The Invisible Wall – Why We Stay at the Operational Level

Last week I was the opening speaker at HR Tech 2026 in Oslo. I used my maturity model with five levels and asked nearly 300 participants to place their organisation on the scale.

Only 9% of Nordic organisations have full integration between their HR systems. Looking at integration between HR data and business systems, that figure drops to 4%. Only 23% have a defined HR Tech strategy – compared to 47% in the rest of Europe.

I call it the Nordic paradox: we have the infrastructure and the competence, but we don't use it strategically.

The invisible wall

There is a wall between the operational and the data-mature level. It's invisible, but very real.

At the operational level, things work. Systems are in place, processes are stable, managers are satisfied, HR is no longer firefighting. If you've come from a lower level, it feels like you've arrived.

And that feeling is exactly the problem. You no longer have a burning problem to solve for HR. You have to actively choose to move forward – without anything forcing you.

What's on the other side

At the data-mature level, something crucial happens: HR data connects to business data. You can ask questions that cross the boundaries between HR, finance and operations. Data stops being an HR asset and becomes something the entire organisation uses.
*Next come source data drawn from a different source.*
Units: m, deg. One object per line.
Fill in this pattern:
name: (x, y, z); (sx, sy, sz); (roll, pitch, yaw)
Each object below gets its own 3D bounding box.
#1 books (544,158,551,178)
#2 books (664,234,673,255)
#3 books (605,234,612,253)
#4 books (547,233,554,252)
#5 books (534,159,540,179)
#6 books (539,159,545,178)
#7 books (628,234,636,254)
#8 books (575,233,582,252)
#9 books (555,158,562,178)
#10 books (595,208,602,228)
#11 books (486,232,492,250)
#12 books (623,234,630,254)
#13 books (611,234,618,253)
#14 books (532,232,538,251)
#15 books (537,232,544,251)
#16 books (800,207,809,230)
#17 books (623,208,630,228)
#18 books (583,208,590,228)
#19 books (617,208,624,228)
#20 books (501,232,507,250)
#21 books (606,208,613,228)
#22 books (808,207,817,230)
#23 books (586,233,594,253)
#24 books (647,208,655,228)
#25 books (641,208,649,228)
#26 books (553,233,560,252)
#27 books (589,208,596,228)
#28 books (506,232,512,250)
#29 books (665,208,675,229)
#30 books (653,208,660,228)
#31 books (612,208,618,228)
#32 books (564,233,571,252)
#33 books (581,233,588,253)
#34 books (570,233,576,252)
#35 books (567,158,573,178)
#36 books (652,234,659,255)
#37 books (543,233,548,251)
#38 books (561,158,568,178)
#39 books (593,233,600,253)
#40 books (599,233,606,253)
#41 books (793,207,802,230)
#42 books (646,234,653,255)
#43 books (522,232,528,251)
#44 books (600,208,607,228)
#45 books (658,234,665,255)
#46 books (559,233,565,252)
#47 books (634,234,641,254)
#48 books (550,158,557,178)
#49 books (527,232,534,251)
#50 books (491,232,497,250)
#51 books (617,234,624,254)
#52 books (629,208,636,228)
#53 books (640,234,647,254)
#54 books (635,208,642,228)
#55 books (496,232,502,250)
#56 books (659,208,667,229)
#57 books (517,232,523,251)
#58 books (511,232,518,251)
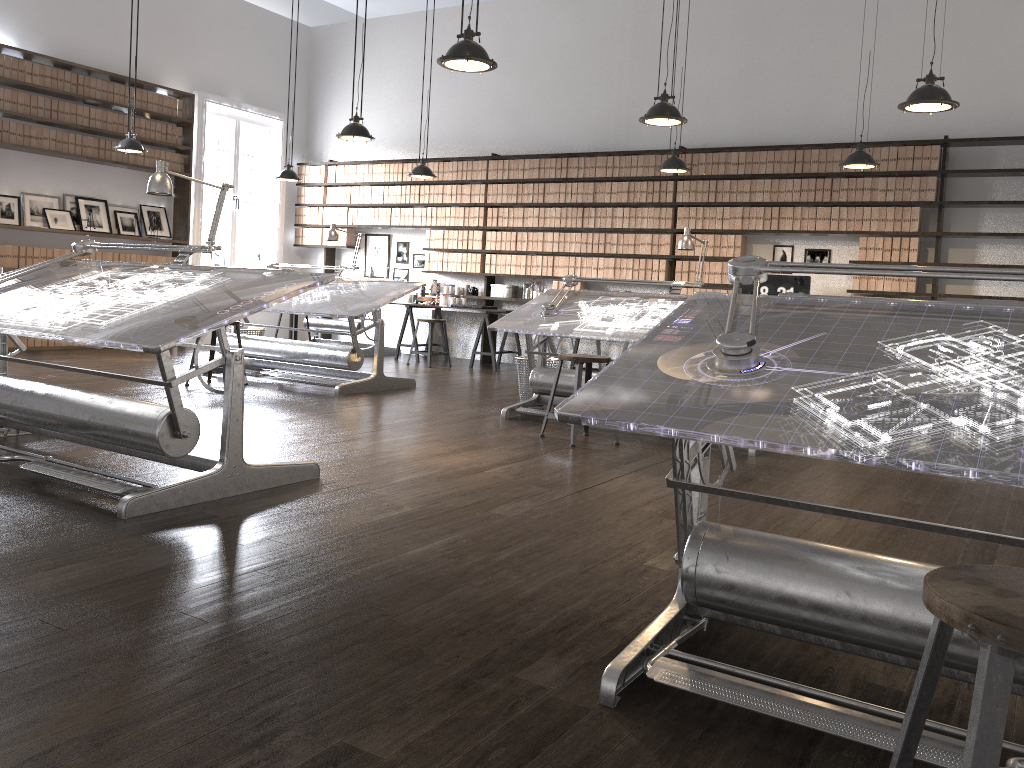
books: (0.443, -2.429, 10.037); (0.067, 0.225, 0.174); (5, 5, 31)
books: (1.662, -1.450, 9.298); (0.067, 0.225, 0.175); (5, 5, 31)
books: (1.086, -1.521, 9.658); (0.067, 0.225, 0.175); (5, 5, 31)
books: (0.476, -1.594, 10.029); (0.067, 0.225, 0.175); (5, 5, 31)
books: (0.323, -2.443, 10.104); (0.067, 0.225, 0.175); (5, 5, 31)
books: (0.383, -2.436, 10.074); (0.067, 0.225, 0.175); (5, 5, 31)
books: (1.321, -1.491, 9.507); (0.067, 0.225, 0.175); (5, 5, 31)
books: (0.776, -1.557, 9.841); (0.067, 0.225, 0.175); (5, 5, 31)
books: (0.564, -2.414, 9.963); (0.067, 0.225, 0.175); (5, 5, 31)
books: (0.980, -1.811, 9.718); (0.067, 0.225, 0.174); (5, 5, 31)
books: (-0.231, -1.680, 10.463); (0.067, 0.225, 0.174); (5, 5, 31)
books: (1.267, -1.499, 9.547); (0.067, 0.225, 0.175); (5, 5, 31)
books: (1.144, -1.513, 9.617); (0.067, 0.225, 0.174); (5, 5, 31)
books: (0.310, -1.615, 10.134); (0.067, 0.225, 0.175); (5, 5, 31)
books: (0.365, -1.607, 10.094); (0.067, 0.225, 0.175); (5, 5, 31)
books: (2.853, -1.590, 8.570); (0.067, 0.225, 0.174); (5, 5, 31)
books: (1.266, -1.776, 9.536); (0.067, 0.225, 0.175); (5, 5, 31)
books: (0.859, -1.826, 9.793); (0.067, 0.225, 0.175); (5, 5, 31)
books: (1.206, -1.783, 9.576); (0.067, 0.225, 0.175); (5, 5, 31)
books: (-0.054, -1.659, 10.355); (0.067, 0.225, 0.175); (5, 5, 31)
books: (1.094, -1.796, 9.641); (0.067, 0.225, 0.175); (5, 5, 31)
books: (2.911, -1.583, 8.532); (0.067, 0.225, 0.175); (5, 5, 31)
books: (0.894, -1.544, 9.774); (0.067, 0.225, 0.175); (5, 5, 31)
books: (1.506, -1.746, 9.388); (0.067, 0.225, 0.175); (5, 5, 31)
books: (1.446, -1.754, 9.429); (0.067, 0.225, 0.174); (5, 5, 31)
books: (0.537, -1.587, 9.989); (0.067, 0.225, 0.175); (5, 5, 31)
books: (0.917, -1.818, 9.751); (0.067, 0.225, 0.174); (5, 5, 31)
books: (0.003, -1.652, 10.323); (0.067, 0.225, 0.175); (5, 5, 31)
books: (1.678, -1.726, 9.288); (0.067, 0.225, 0.175); (5, 5, 31)
books: (1.562, -1.740, 9.353); (0.067, 0.225, 0.175); (5, 5, 31)
books: (1.153, -1.790, 9.610); (0.067, 0.225, 0.175); (5, 5, 31)
books: (0.659, -1.573, 9.921); (0.067, 0.225, 0.174); (5, 5, 31)
books: (0.838, -1.550, 9.803); (0.067, 0.225, 0.175); (5, 5, 31)
books: (0.716, -1.565, 9.881); (0.067, 0.225, 0.174); (5, 5, 31)
books: (0.691, -2.399, 9.886); (0.067, 0.225, 0.175); (5, 5, 31)
books: (1.550, -1.464, 9.372); (0.067, 0.225, 0.175); (5, 5, 31)
books: (0.424, -1.601, 10.063); (0.067, 0.225, 0.175); (5, 5, 31)
books: (0.625, -2.406, 9.919); (0.067, 0.225, 0.175); (5, 5, 31)
books: (0.959, -1.536, 9.736); (0.067, 0.225, 0.175); (5, 5, 31)
books: (1.019, -1.528, 9.693); (0.067, 0.225, 0.175); (5, 5, 31)
books: (2.792, -1.597, 8.603); (0.067, 0.225, 0.174); (5, 5, 31)
books: (1.488, -1.471, 9.405); (0.067, 0.225, 0.175); (5, 5, 31)
books: (0.188, -1.629, 10.204); (0.067, 0.225, 0.174); (5, 5, 31)
books: (1.040, -1.804, 9.681); (0.067, 0.225, 0.175); (5, 5, 31)
books: (1.610, -1.457, 9.337); (0.067, 0.225, 0.174); (5, 5, 31)
books: (0.599, -1.580, 9.956); (0.067, 0.225, 0.175); (5, 5, 31)
books: (1.380, -1.485, 9.476); (0.067, 0.225, 0.175); (5, 5, 31)
books: (0.501, -2.421, 9.996); (0.067, 0.225, 0.174); (5, 5, 31)
books: (0.250, -1.622, 10.171); (0.067, 0.225, 0.174); (5, 5, 31)
books: (-0.171, -1.672, 10.422); (0.067, 0.225, 0.175); (5, 5, 31)
books: (1.206, -1.506, 9.584); (0.067, 0.225, 0.174); (5, 5, 31)
books: (1.328, -1.769, 9.503); (0.067, 0.225, 0.175); (5, 5, 31)
books: (1.433, -1.478, 9.442); (0.067, 0.225, 0.175); (5, 5, 31)
books: (1.389, -1.762, 9.468); (0.067, 0.225, 0.174); (5, 5, 31)
books: (-0.110, -1.665, 10.384); (0.067, 0.225, 0.175); (5, 5, 31)
books: (1.618, -1.733, 9.324); (0.067, 0.225, 0.175); (5, 5, 31)
books: (0.130, -1.637, 10.245); (0.067, 0.225, 0.175); (5, 5, 31)
books: (0.063, -1.644, 10.280); (0.067, 0.225, 0.175); (5, 5, 31)

Analytics changes too. At the operational level, you report what has happened. At the data-mature level, you become predictive – turnover risk before anyone hands in their notice, salary analysis that actually drives decisions.

But the most important shift? HR is not just invited to the table – HR is needed there. Because HR contributes insights that combine people data and business data in ways that change decisions.

Why so few make it past

I see the same patterns again and again:

Leadership – Management needs to start seeing people data as a strategic asset, not something HR produces but something the business uses to make decisions.

Funding logic – Most organisations fund projects. The data-mature level requires funding a holistic view, a long-term commitment.

HR's own competence – The data-mature level requires data literacy, AI awareness and the ability to translate between what HR knows and what the business needs.

What can you do?

Stop looking for the right system. Organisations stuck at the operational level often believe the answer is a new platform. But the bigger blockers are almost always about culture, leadership and investment logic – not technology.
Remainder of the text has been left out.